Dutch Presidency: The stars aligned?

Strategic Communications

September 9, 2015

Most EU Council Presidencies come and go and are quickly forgotten. Sometimes however they are memorable because they conclude important and difficult dossiers, overcome long deadlocks or contribute to changing the overall direction or momentum of the EU. The upcoming Dutch Presidency in the first half of 2016 could stand out, not only because it comes at a time that the EU faces existential challenges such as the rise in Euroscepticism, the immigration crisis at the EU borders, the looming threat of Britain leaving the EU and the continuing economic crisis, with Grexit still a possibility, but also because it could be just the right Presidency at the right time. Together with the Dutch Public Affairs firm IvCB, FTI Consulting takes a closer look at the upcoming Presidency and analyses what it could mean for business.

The Ideal Presidency?
The rotating EU Council Presidencies have the role to chair Council meetings and to facilitate and drive the negotiations on the dossiers that are under discussion. The Dutch Presidency could carry out that role very successfully. As one of the EU’s founding Members, the Netherlands has already been responsible for 11 Council Presidencies. This, together with its famously efficient administration, should ensure that the six months run smoothly from an organisational point of view. The Netherlands is also particularly well prepared, having consulted many stakeholders on the key issues over the past years. Hence its ministries will be very familiar with the different positions on the key dossiers and should be able to chair negotiations effectively. It might also be an advantage that the Netherlands is a relatively small but highly respected country, placed geographically and in terms of substance between three major Member States – France, Germany and the UK – which could make it an ideal broker, a position strengthened by a culture of pragmatism and problem-solving.

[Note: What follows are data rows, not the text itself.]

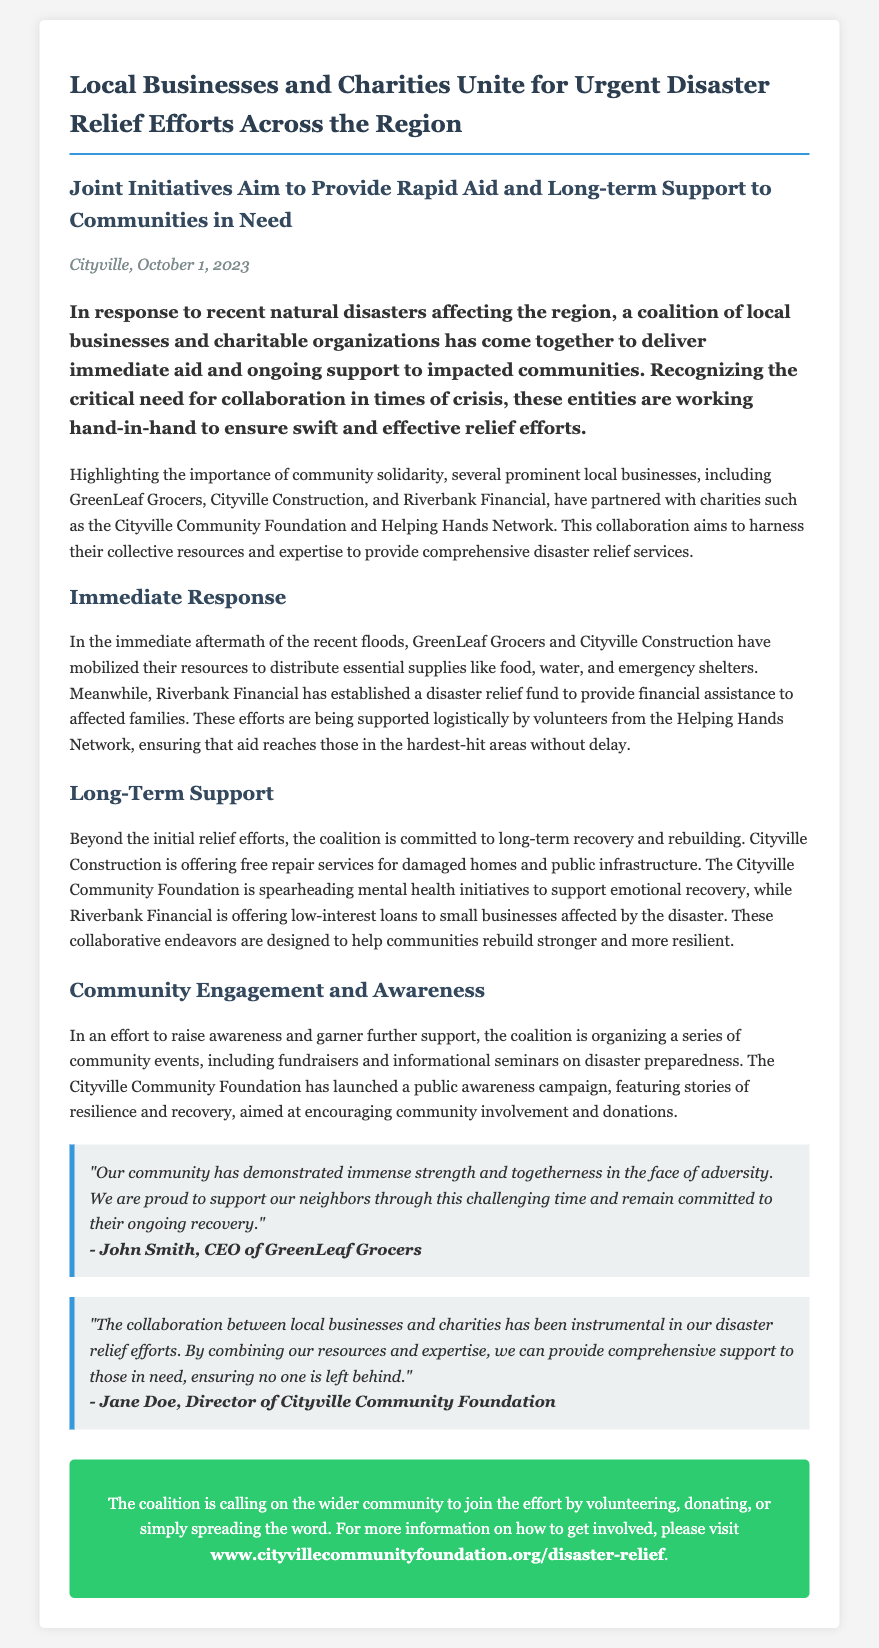What is the date of the press release? The date of the press release is found in the dateline section, which is October 1, 2023.
Answer: October 1, 2023 What type of businesses are involved in the coalition? The press release mentions specific types of businesses: GreenLeaf Grocers, Cityville Construction, and Riverbank Financial.
Answer: local businesses Which charity is mentioned as a partner? The document lists specific charities; one of them is the Cityville Community Foundation.
Answer: Cityville Community Foundation What essential supplies are distributed by GreenLeaf Grocers and Cityville Construction? The document states that these businesses distributed food, water, and emergency shelters.
Answer: food, water, and emergency shelters How is Riverbank Financial contributing to the disaster relief efforts? Riverbank Financial has established a disaster relief fund for financial assistance, as mentioned in the immediate response section.
Answer: disaster relief fund What is the focus of the long-term support mentioned in the document? The document indicates that long-term support includes repair services, mental health initiatives, and low-interest loans to small businesses.
Answer: recovery and rebuilding Who is quoted regarding the strength of the community? The quote about community strength comes from John Smith, the CEO of GreenLeaf Grocers.
Answer: John Smith What type of events is the coalition organizing for community engagement? The coalition is organizing community events such as fundraisers and informational seminars, as noted in the community engagement section.
Answer: fundraisers and informational seminars 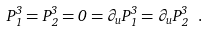<formula> <loc_0><loc_0><loc_500><loc_500>P ^ { 3 } _ { 1 } = P ^ { 3 } _ { 2 } = 0 = \partial _ { u } P ^ { 3 } _ { 1 } = \partial _ { u } P ^ { 3 } _ { 2 } \ .</formula>

Most notably, some of the most influential EU officials in key positions are Dutch. Former Dutch Foreign Minister Frans Timmermans, First Vice-President of the European Commission and in charge of its better regulation agenda, is currently one of the most powerful officials in the EU. Together with fellow Dutchman Alexander Italianer, the European Commission’s Secretary-General, Timmermans has strong influence over the actual work of the Commission.